6 ways HTTP/3 benefits security

6 ways HTTP/3 benefits security (and 7 serious concerns)

HTTP3, the third official version of hypertext transfer protocol (HTTP), will not use the transmission control protocol (TCP) as did its predecessors. Instead, it uses the quick UDP internet connections (QUIC) protocol developed by Google in 2012.

QUIC is a transport layer protocol based on a multiplexed version of user datagram protocol (UDP) connections. Unlike TCP, UDP does not follow the TCP three-way handshake, but uses a single UDP roundtrip.  Thus, the QUIC protocol exponentially improves any web component’s network performances as it uses UDP for every connection between the user-agent and the web server.

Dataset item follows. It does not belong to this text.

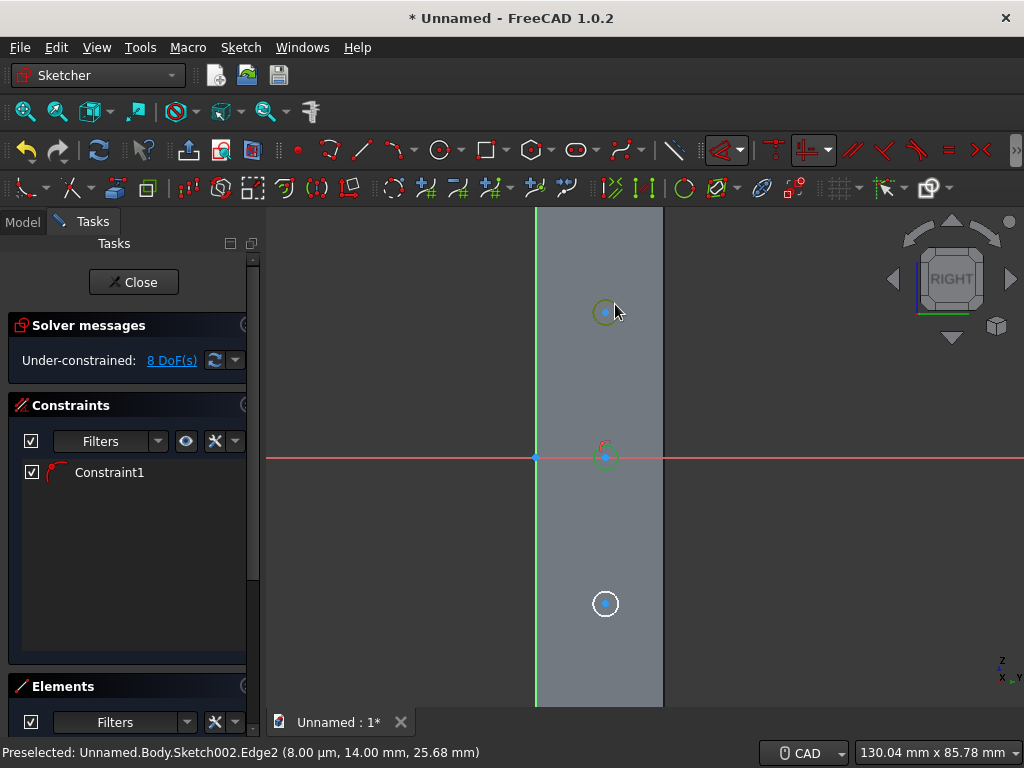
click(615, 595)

Also, QUIC relies on multiplexing to manage multiple interactions between the user-agent and server seamlessly over a single connection, without any one blocking another, thus helping with performance improvements compared to its predecessors.

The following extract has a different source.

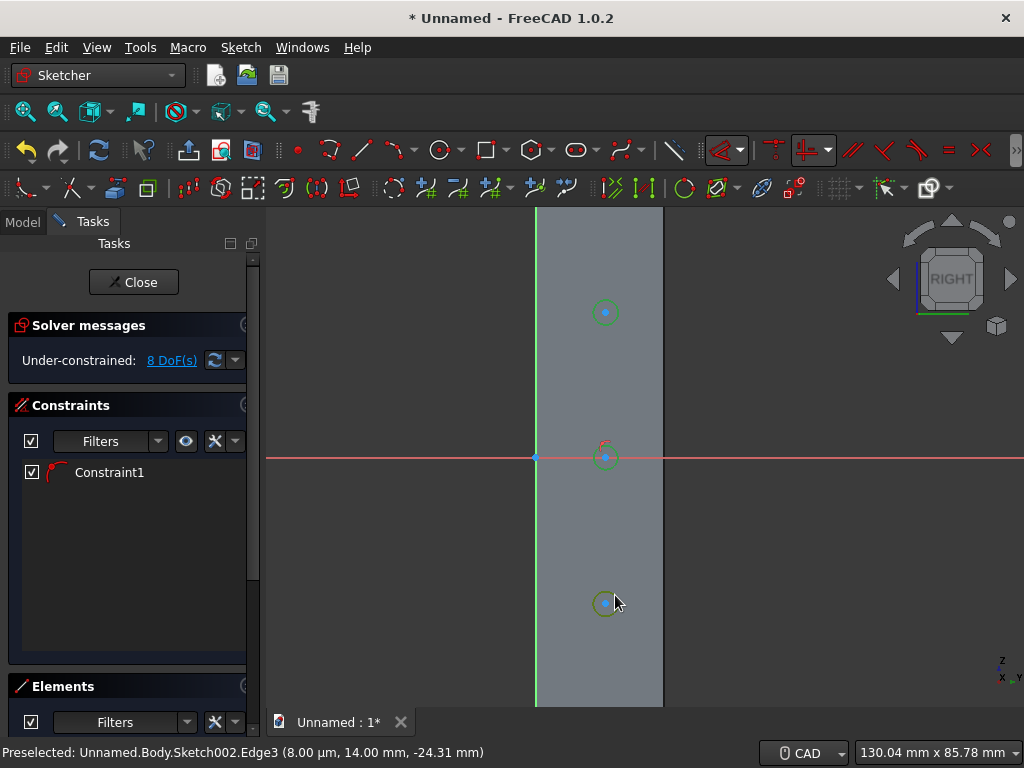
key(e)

With several benefits from the performance and reliability perspective, HTTP/3 is considered the right way to go. From the security and privacy perspective, both benefits and limitations exist, with most being extensively detailed in the research arena. This article provides details on the benefits provided by HTTP/3 and some security considerations that must be taken into account.

Security features and benefits

End-to-end encryption
The TCP protocol was designed to ensure that the payload encryption was present during the transmission, but the transport-specific information was still unencrypted, raising many security and privacy issues. The countermeasures designed and implemented to prevent these attacks are not on the TCP stack but on the network appliances and the middleboxes that handle the protocol and network. Additionally, the parsers built to overcome these issues in load balancers and other network appliances have serious performance issues and may limit the future network expansions that are rapidly evolving and depend upon network speed and reliability.